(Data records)
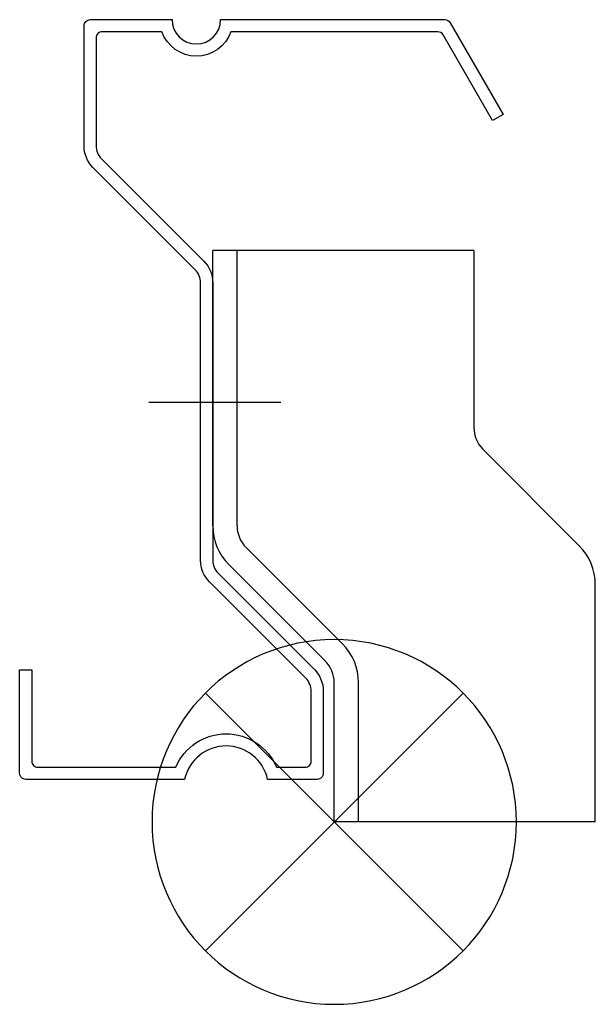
# Model space of a CAD drawing. Extents: x -204 to -109, y -1310 to -1148.
import ezdxf

# ---------------------------------------------------------------- set-up
doc = ezdxf.new("R2010")
doc.units = 0
doc.header["$LTSCALE"] = 100
doc.header["$MEASUREMENT"] = 0
doc.layers.get('0').update_dxf_attribs({"linetype": 'CONTINUOUS'})

# ---------------------------------------------------------------- blocks, each defined once
blk = doc.blocks.new('125WC')
at = {"color": 255}
for p, q in [((-20, 48.73), (-20, 94)), ((23, 94), (-20, 94)), ((-16, 48.73), (-16, 94)), ((23, 94), (23, 64.88)), ((-8.79, 69), (-30.52, 69)), ((40.36, 45.45), (24.46, 61.35)), ((1.36, 29.29), (-14.54, 45.19)), ((-1.46, 26.46), (-17.36, 42.36)), ((43, 0), (43, 39.08)), ((0, 0), (0, 22.93)), ((4, 0), (4, 22.93)), ((43, 0), (0, 0))]:
    blk.add_line(p, q, dxfattribs=at)
for centre, radius, start, end in [((28, 64.88), 5, 180, 225), ((-11, 48.73), 9, 180, 225), ((-11, 48.73), 5, 180, 225), ((34, 39.08), 9, 0, 45), ((-5, 22.93), 9, 0, 45), ((-5, 22.93), 5, 360, 45)]:
    blk.add_arc(centre, radius, start, end, dxfattribs=at)
blk = doc.blocks.new('SOP')
at = {"color": 6}
for p, q in [((-7.071, 7.071), (7.071, -7.071)), ((7.071, 7.071), (-7.071, -7.071))]:
    blk.add_line(p, q, dxfattribs=at)
blk.add_circle((0, 0), 10, dxfattribs=at)

msp = doc.modelspace()

# ---------------------------------------------------------------- linework, layer by layer
at = {"color": 255}
msp.add_lwpolyline([(-203.66, -1272.49), (-203.66, -1255.49), (-201.66, -1255.49), (-201.66, -1270.49, 0.414214), (-200.66, -1271.49), (-177.95, -1271.49, -0.663325), (-161.37, -1271.49), (-156.66, -1271.49, 0.414214), (-155.66, -1270.49), (-155.66, -1258.97, 0.198912), (-156.54, -1256.84), (-172.39, -1240.99, -0.198912), (-173.86, -1237.45), (-173.86, -1191.77, 0.198912), (-174.74, -1189.64), (-191.59, -1172.79, -0.198912), (-193.06, -1169.25), (-193.06, -1149.49, -0.414214), (-192.06, -1148.49), (-178.56, -1148.49, 1), (-170.56, -1148.49), (-133.64, -1148.49, -0.267949), (-132.77, -1148.99), (-124.06, -1164.08), (-125.79, -1165.08), (-133.92, -1150.99, 0.267949), (-134.79, -1150.49), (-168.9, -1150.49, -0.707107), (-180.22, -1150.49), (-190.06, -1150.49, 0.414214), (-191.06, -1151.49), (-191.06, -1169.25, 0.198912), (-190.18, -1171.37), (-173.32, -1188.23, -0.198912), (-171.86, -1191.77), (-171.86, -1237.45, 0.198912), (-170.98, -1239.57), (-155.12, -1255.43, -0.198912), (-153.66, -1258.97), (-153.66, -1272.49, -0.414214), (-154.66, -1273.49), (-162.82, -1273.49, 0.8044), (-176.5, -1273.49), (-202.66, -1273.49, -0.414214)], format="xyb", close=True, dxfattribs=at)

# ---------------------------------------------------------------- block references
msp.add_blockref('125WC', (-151.86, -1280.49))
at = {"xscale": -3, "yscale": 3, "zscale": 3}
msp.add_blockref('SOP', (-151.86, -1280.49), dxfattribs=at)

doc.saveas('drawing.dxf')

EXERCISE:
Type out the entries again without a single change, and leave the pictures out.

RESPONSE BOX:
# Model space of a CAD drawing. Extents: x -204 to -109, y -1310 to -1148.
import ezdxf

# ---------------------------------------------------------------- set-up
doc = ezdxf.new("R2010")
doc.units = 0
doc.header["$LTSCALE"] = 100
doc.header["$MEASUREMENT"] = 0
doc.layers.get('0').update_dxf_attribs({"linetype": 'CONTINUOUS'})

# ---------------------------------------------------------------- blocks, each defined once
blk = doc.blocks.new('125WC')
at = {"color": 255}
for p, q in [((-20, 48.73), (-20, 94)), ((23, 94), (-20, 94)), ((-16, 48.73), (-16, 94)), ((23, 94), (23, 64.88)), ((-8.79, 69), (-30.52, 69)), ((40.36, 45.45), (24.46, 61.35)), ((1.36, 29.29), (-14.54, 45.19)), ((-1.46, 26.46), (-17.36, 42.36)), ((43, 0), (43, 39.08)), ((0, 0), (0, 22.93)), ((4, 0), (4, 22.93)), ((43, 0), (0, 0))]:
    blk.add_line(p, q, dxfattribs=at)
for centre, radius, start, end in [((28, 64.88), 5, 180, 225), ((-11, 48.73), 9, 180, 225), ((-11, 48.73), 5, 180, 225), ((34, 39.08), 9, 0, 45), ((-5, 22.93), 9, 0, 45), ((-5, 22.93), 5, 360, 45)]:
    blk.add_arc(centre, radius, start, end, dxfattribs=at)
blk = doc.blocks.new('SOP')
at = {"color": 6}
for p, q in [((-7.071, 7.071), (7.071, -7.071)), ((7.071, 7.071), (-7.071, -7.071))]:
    blk.add_line(p, q, dxfattribs=at)
blk.add_circle((0, 0), 10, dxfattribs=at)

msp = doc.modelspace()

# ---------------------------------------------------------------- linework, layer by layer
at = {"color": 255}
msp.add_lwpolyline([(-203.66, -1272.49), (-203.66, -1255.49), (-201.66, -1255.49), (-201.66, -1270.49, 0.414214), (-200.66, -1271.49), (-177.95, -1271.49, -0.663325), (-161.37, -1271.49), (-156.66, -1271.49, 0.414214), (-155.66, -1270.49), (-155.66, -1258.97, 0.198912), (-156.54, -1256.84), (-172.39, -1240.99, -0.198912), (-173.86, -1237.45), (-173.86, -1191.77, 0.198912), (-174.74, -1189.64), (-191.59, -1172.79, -0.198912), (-193.06, -1169.25), (-193.06, -1149.49, -0.414214), (-192.06, -1148.49), (-178.56, -1148.49, 1), (-170.56, -1148.49), (-133.64, -1148.49, -0.267949), (-132.77, -1148.99), (-124.06, -1164.08), (-125.79, -1165.08), (-133.92, -1150.99, 0.267949), (-134.79, -1150.49), (-168.9, -1150.49, -0.707107), (-180.22, -1150.49), (-190.06, -1150.49, 0.414214), (-191.06, -1151.49), (-191.06, -1169.25, 0.198912), (-190.18, -1171.37), (-173.32, -1188.23, -0.198912), (-171.86, -1191.77), (-171.86, -1237.45, 0.198912), (-170.98, -1239.57), (-155.12, -1255.43, -0.198912), (-153.66, -1258.97), (-153.66, -1272.49, -0.414214), (-154.66, -1273.49), (-162.82, -1273.49, 0.8044), (-176.5, -1273.49), (-202.66, -1273.49, -0.414214)], format="xyb", close=True, dxfattribs=at)

# ---------------------------------------------------------------- block references
msp.add_blockref('125WC', (-151.86, -1280.49))
at = {"xscale": -3, "yscale": 3, "zscale": 3}
msp.add_blockref('SOP', (-151.86, -1280.49), dxfattribs=at)

doc.saveas('drawing.dxf')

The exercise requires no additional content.